One study took steps to conceal assessors from allocation (low risk of detection bias), while the other three did not do so (high risk of detection bias).
Primary outcome 1: Executive functioning: Technology-based intervention versus placebo
Results from meta-analysis of three studies (n = 194) comparing online interventions with a placebo for children and adolescents with TBI, favoured the intervention immediately post-treatment (standardised mean difference (SMD) -0.37, 95% confidence interval (CI) -0.66 to -0.09; P = 0.62; I2 = 0%). (As there is no 'gold standard' measure in the field, we have not translated the SMD back to any particular scale.) This result is thought to represent only a small to medium effect size (using Cohen’s rule of thumb, where 0.2 is a small effect, 0.5 a medium one, and 0.8 or above is a large effect); this is unlikely to have a clinically important effect on the participant.
The fourth study (n = 12) reported differences between the intervention and control groups on problem solving (an important component of executive functioning). No means or standard deviations were presented for this outcome, therefore an effect size could not be calculated.

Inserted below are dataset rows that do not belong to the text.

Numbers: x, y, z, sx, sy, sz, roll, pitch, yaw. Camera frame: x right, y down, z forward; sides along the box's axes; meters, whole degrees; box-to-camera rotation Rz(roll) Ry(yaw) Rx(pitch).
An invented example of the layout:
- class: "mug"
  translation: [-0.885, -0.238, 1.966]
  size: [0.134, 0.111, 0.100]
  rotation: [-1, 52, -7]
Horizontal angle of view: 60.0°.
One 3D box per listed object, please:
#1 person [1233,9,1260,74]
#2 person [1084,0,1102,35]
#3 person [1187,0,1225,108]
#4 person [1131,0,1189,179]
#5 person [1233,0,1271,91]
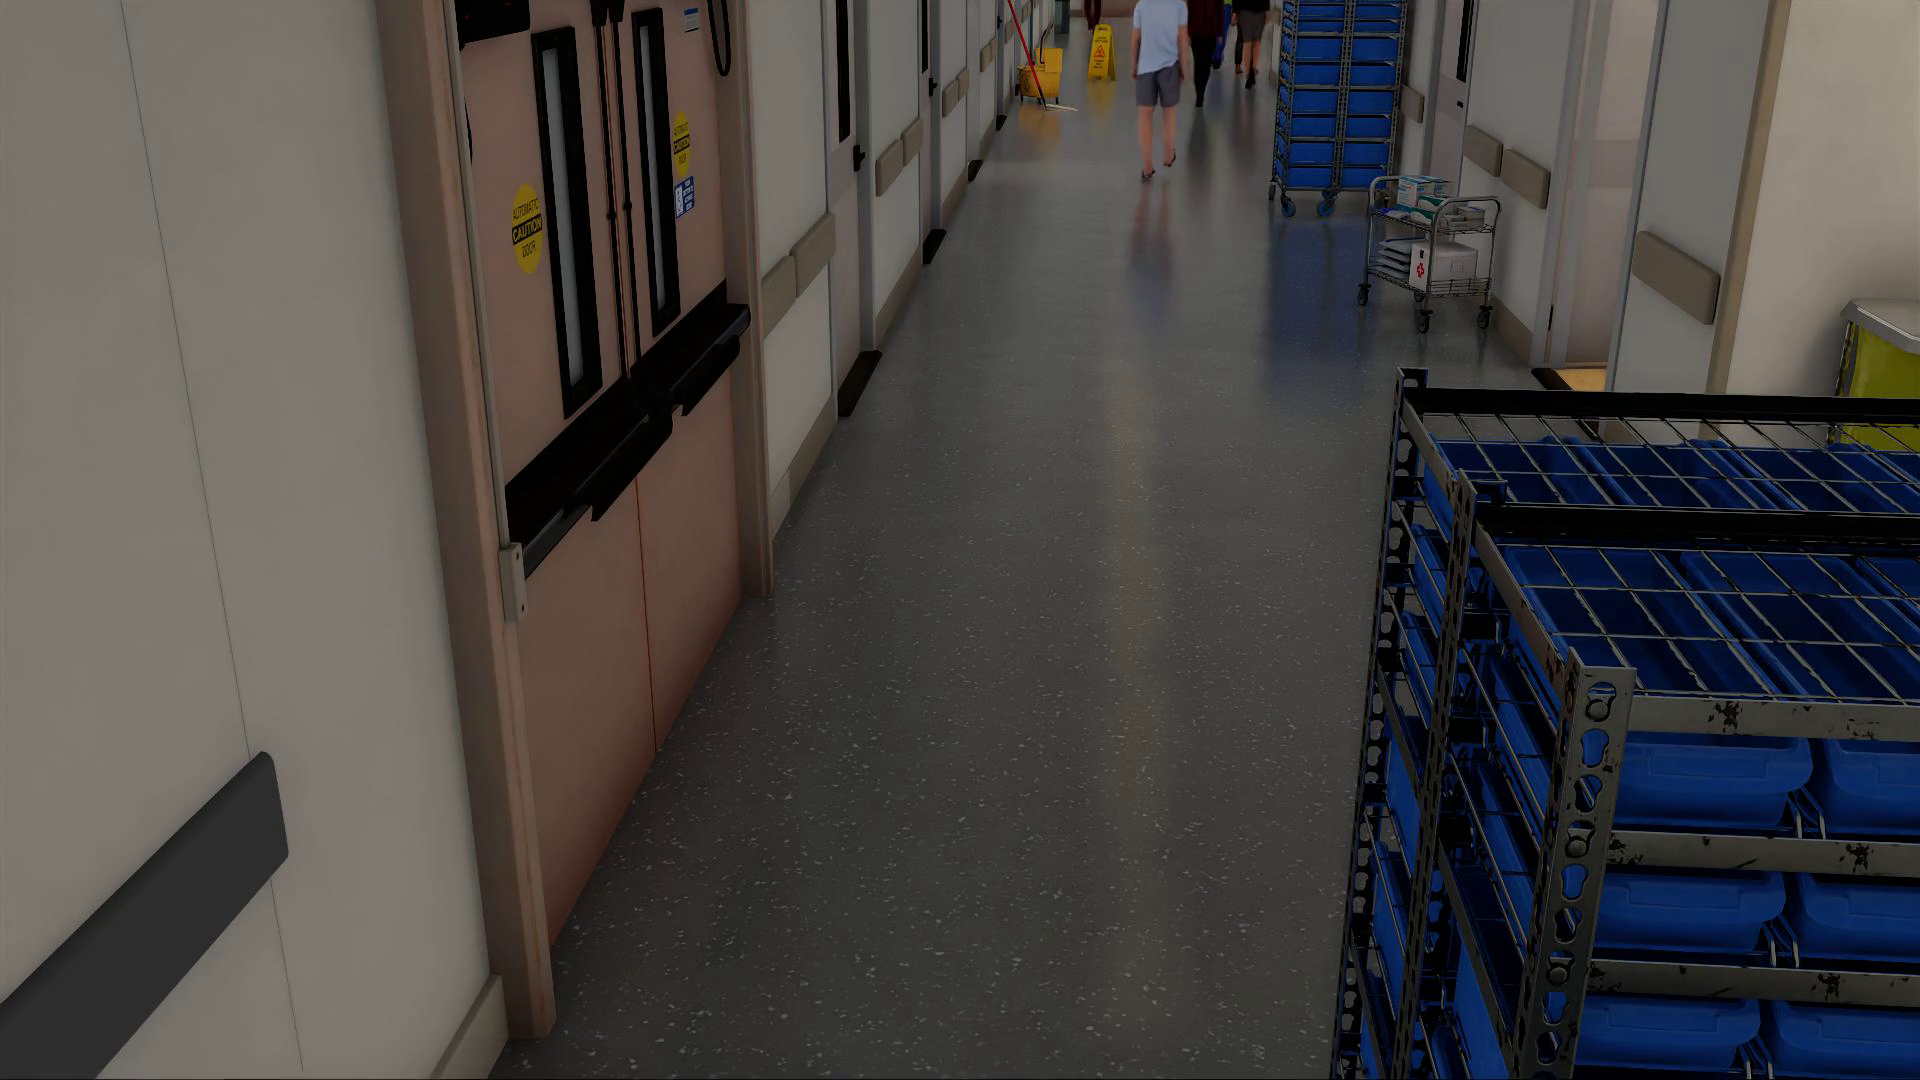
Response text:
- class: "person"
  translation: [4.212, -7.682, 24.193]
  size: [0.687, 1.721, 0.628]
  rotation: [-4, 21, -10]
- class: "person"
  translation: [2.585, -10.549, 31.785]
  size: [0.597, 1.705, 0.700]
  rotation: [0, 21, 1]
- class: "person"
  translation: [2.934, -6.036, 19.994]
  size: [0.609, 1.616, 1.068]
  rotation: [3, 21, 8]
- class: "person"
  translation: [1.716, -4.078, 14.566]
  size: [0.772, 1.798, 1.111]
  rotation: [5, 21, 12]
- class: "person"
  translation: [3.835, -6.844, 21.825]
  size: [0.631, 1.831, 0.612]
  rotation: [2, 21, 6]

The quality of evidence for this outcome according to GRADE was very low. This means future research is highly likely to change the estimate of effect.
Primary outcome 2: Memory
One small study (n = 12) reported a statistically significant difference in improvement in sentence recall between the intervention and control group following an eight-week remediation programme. No means or standard deviations were presented for this outcome, therefore an effect size could not be calculated.
Secondary outcomes
Two studies (n = 158) reported on anxiety/depression as measured by the Child Behavior Checklist (CBCL) and were included in a meta-analysis. We found no evidence of an effect with the intervention (mean difference -5.59, 95% CI -11.46 to 0.28; I2 = 53%). The GRADE quality of evidence for this outcome was very low, meaning future research is likely to change the estimate of effect.
A single study sought to record adverse events and reported none. Two studies reported on use of the intervention (range 0 to 13 and 1 to 24 sessions). One study reported on social functioning/social competence and found no effect. The included studies reported no data for other secondary outcomes (that is quality of life and academic achievement).